* Material to process *
- Opening Delimiter -

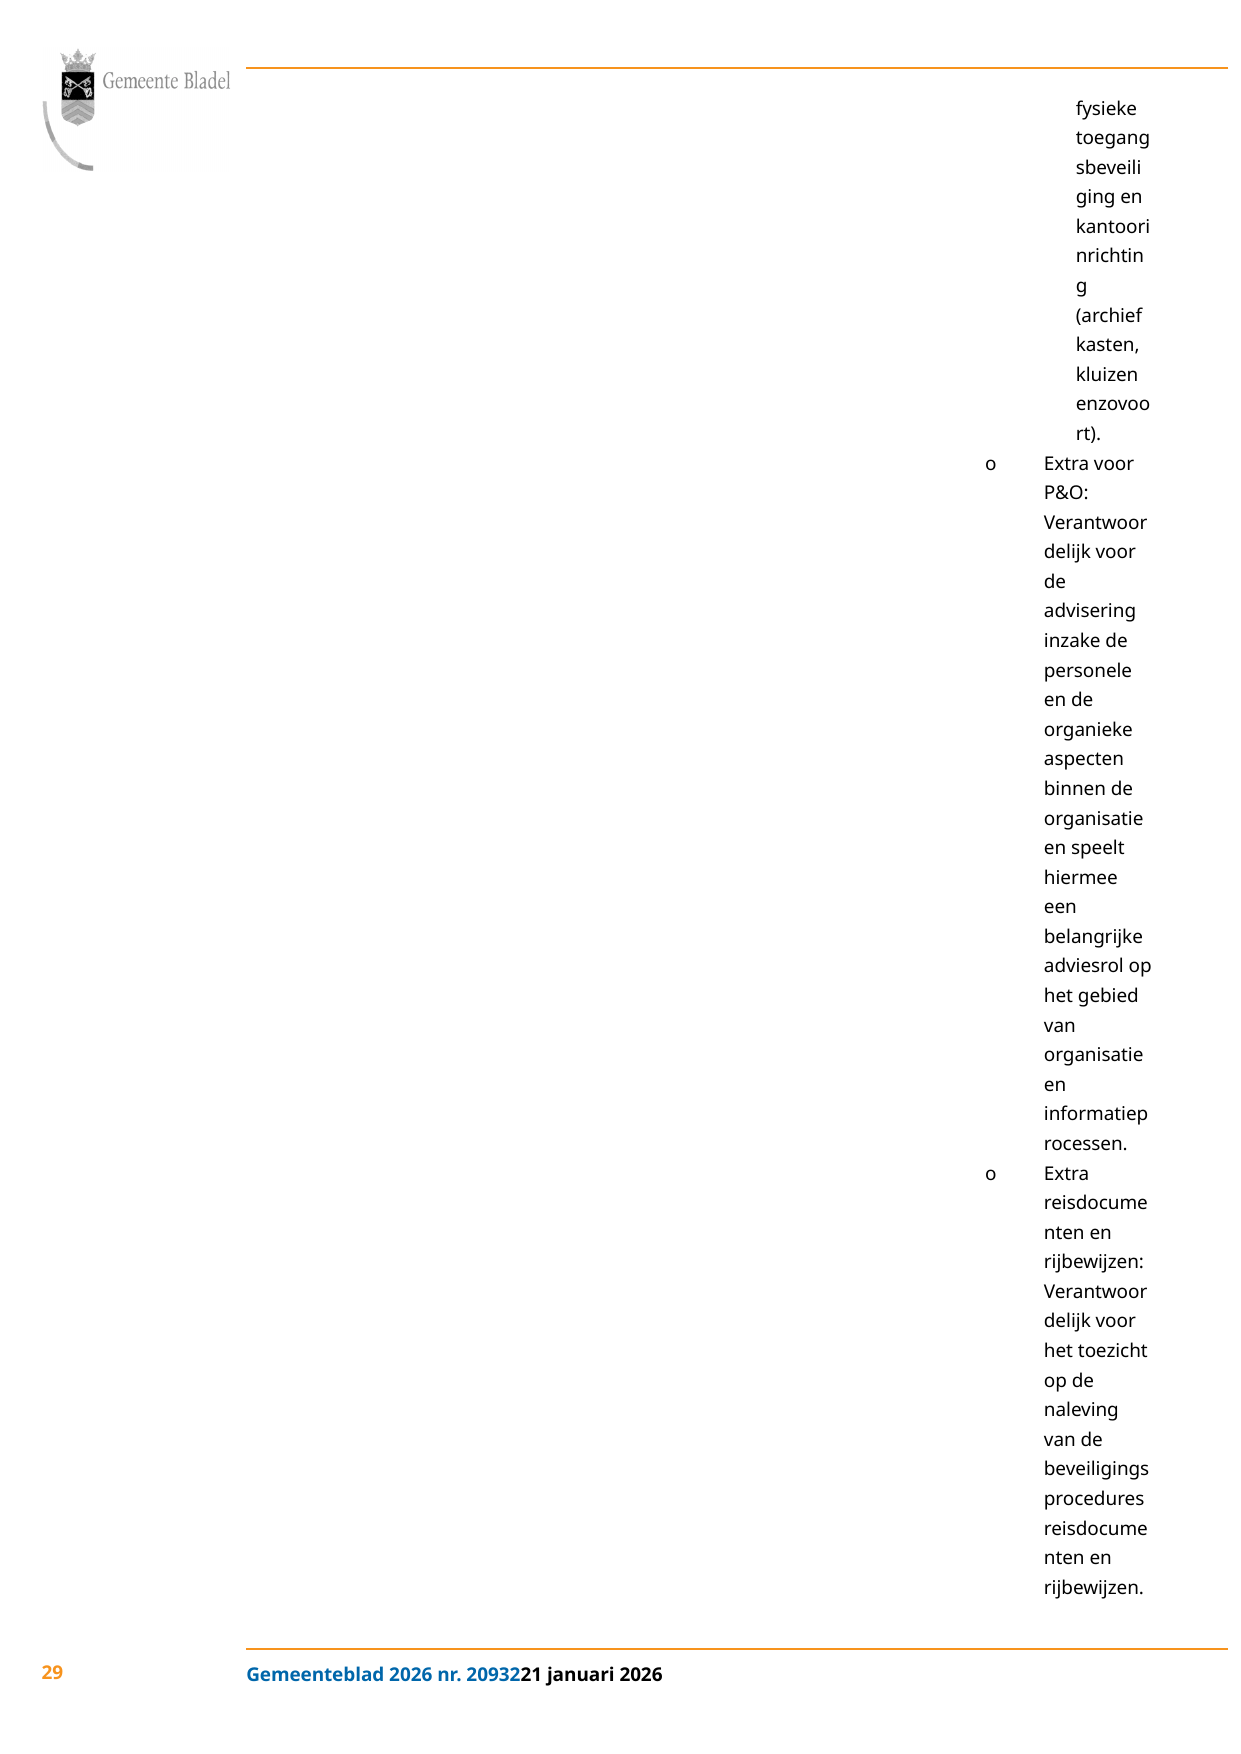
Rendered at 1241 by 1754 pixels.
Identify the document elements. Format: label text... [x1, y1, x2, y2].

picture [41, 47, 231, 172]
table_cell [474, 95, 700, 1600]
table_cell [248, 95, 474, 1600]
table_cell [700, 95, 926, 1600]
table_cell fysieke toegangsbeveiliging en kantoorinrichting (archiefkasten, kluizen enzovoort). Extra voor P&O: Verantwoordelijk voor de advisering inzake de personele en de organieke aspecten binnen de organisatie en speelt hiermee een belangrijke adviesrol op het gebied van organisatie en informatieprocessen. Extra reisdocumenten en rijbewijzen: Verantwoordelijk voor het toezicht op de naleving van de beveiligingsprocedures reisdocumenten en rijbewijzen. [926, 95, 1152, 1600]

- Closing Delimiter -
- Opening Delimiter -

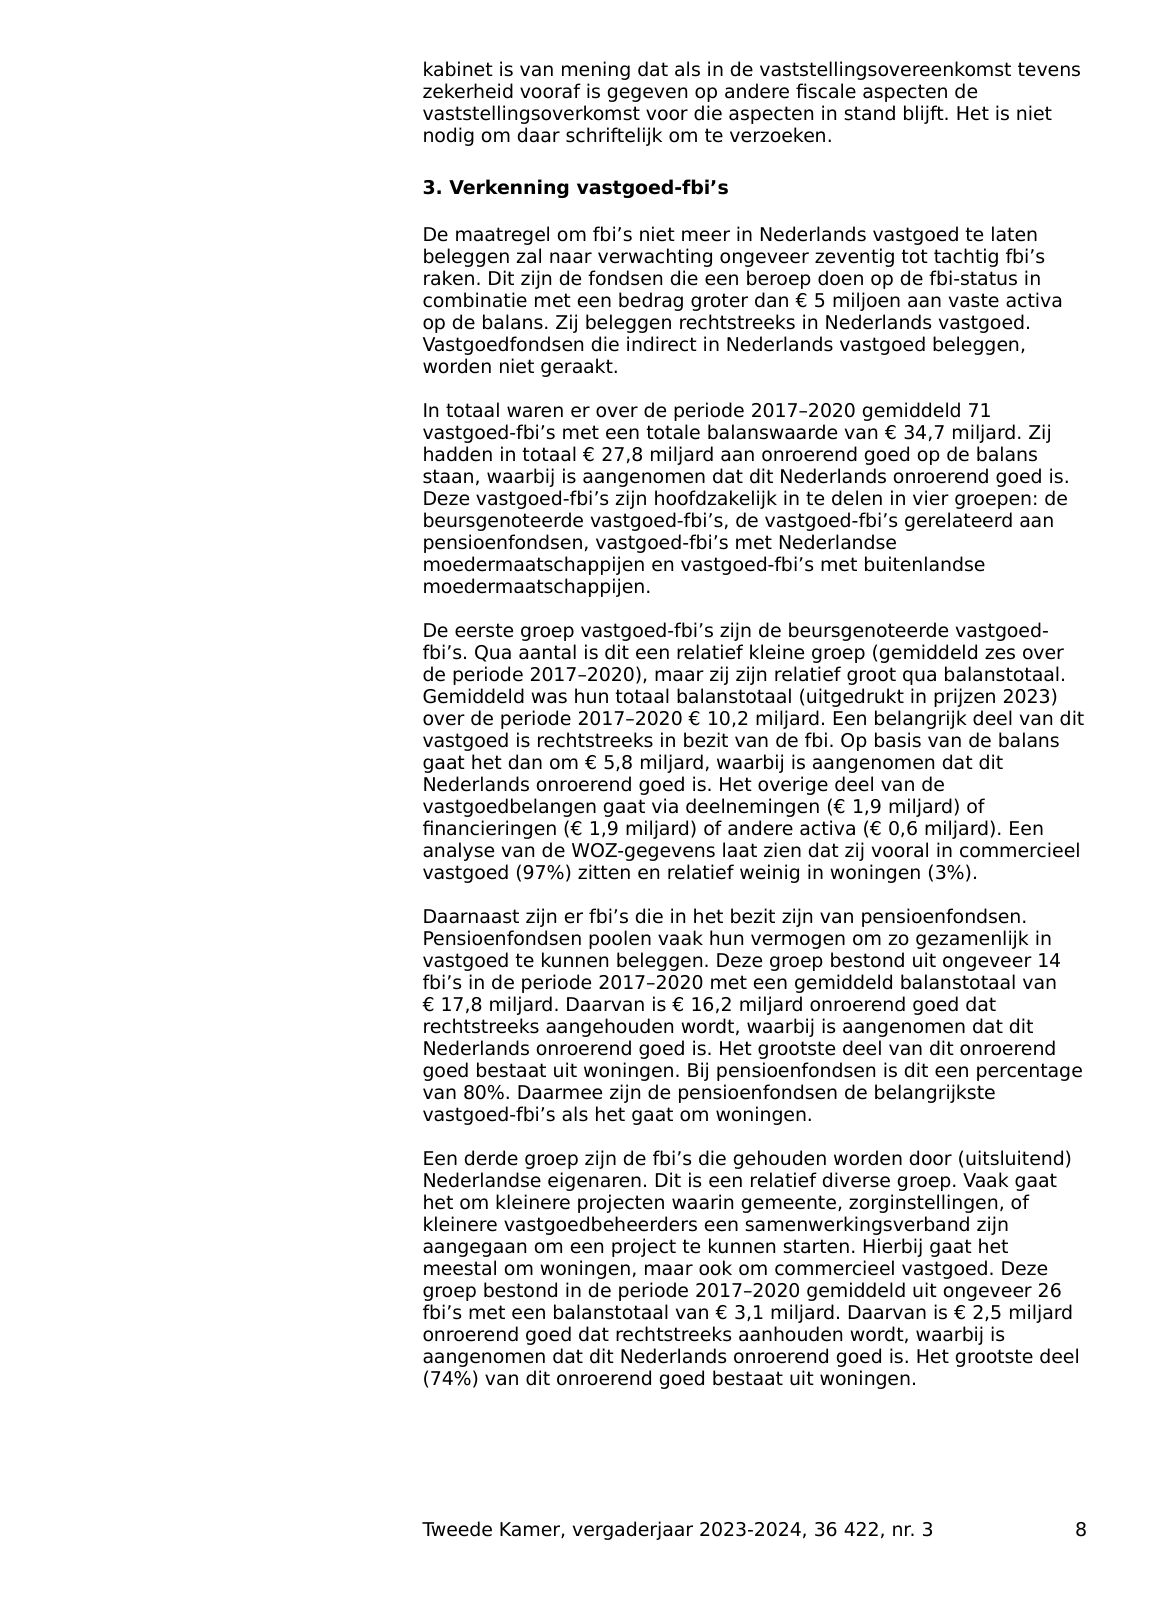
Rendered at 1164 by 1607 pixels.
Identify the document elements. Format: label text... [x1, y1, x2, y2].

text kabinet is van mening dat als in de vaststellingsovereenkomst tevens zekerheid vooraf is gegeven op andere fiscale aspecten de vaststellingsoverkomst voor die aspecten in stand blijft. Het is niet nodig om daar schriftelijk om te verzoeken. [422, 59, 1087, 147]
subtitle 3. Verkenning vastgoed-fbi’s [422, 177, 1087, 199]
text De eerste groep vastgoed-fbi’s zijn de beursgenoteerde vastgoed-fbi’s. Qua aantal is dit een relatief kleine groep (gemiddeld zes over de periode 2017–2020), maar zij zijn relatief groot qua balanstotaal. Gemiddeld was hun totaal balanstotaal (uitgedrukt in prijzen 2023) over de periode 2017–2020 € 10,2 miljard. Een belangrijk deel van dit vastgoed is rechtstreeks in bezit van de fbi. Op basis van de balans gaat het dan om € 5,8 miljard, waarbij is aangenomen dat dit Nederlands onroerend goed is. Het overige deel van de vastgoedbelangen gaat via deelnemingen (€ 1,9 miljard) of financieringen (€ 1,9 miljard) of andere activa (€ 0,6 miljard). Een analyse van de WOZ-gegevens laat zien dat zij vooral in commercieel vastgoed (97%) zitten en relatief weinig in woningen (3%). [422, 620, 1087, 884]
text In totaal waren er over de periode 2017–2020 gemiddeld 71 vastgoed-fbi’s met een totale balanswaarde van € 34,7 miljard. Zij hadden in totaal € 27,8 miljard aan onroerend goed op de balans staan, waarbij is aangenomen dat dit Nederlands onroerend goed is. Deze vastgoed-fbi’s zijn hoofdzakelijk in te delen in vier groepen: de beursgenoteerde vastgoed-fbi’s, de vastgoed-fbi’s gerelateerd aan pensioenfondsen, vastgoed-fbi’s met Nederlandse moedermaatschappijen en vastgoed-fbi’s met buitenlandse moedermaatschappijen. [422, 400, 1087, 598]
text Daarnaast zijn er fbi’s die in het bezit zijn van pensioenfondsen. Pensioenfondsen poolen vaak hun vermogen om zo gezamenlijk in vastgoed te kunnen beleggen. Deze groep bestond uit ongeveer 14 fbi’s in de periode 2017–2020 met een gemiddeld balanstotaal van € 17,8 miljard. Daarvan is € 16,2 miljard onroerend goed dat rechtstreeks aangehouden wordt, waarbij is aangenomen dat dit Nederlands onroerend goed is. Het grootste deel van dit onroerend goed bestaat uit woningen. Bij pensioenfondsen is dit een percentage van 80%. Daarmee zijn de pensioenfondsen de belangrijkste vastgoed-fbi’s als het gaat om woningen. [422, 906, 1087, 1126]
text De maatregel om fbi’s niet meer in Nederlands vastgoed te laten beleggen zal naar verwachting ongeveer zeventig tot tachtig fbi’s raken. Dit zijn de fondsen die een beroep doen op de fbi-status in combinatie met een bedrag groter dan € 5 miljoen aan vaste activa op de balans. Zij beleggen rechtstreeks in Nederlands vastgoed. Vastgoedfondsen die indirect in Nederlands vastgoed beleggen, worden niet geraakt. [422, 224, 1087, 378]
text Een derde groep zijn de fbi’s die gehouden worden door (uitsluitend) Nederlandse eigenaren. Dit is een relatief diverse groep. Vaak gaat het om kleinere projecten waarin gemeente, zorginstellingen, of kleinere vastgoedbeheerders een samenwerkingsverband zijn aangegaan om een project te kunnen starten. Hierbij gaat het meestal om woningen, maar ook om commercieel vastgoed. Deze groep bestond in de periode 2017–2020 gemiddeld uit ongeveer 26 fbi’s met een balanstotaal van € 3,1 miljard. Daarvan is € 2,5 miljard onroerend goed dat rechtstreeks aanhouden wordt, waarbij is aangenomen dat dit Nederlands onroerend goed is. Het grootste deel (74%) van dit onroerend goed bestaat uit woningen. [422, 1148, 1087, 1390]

- Closing Delimiter -

* Task to carry out *
Across the whole listing above, find every line with the string "Rendered" and copy it.

* Solution to the problem *
Rendered at 1241 by 1754 pixels.
Rendered at 1164 by 1607 pixels.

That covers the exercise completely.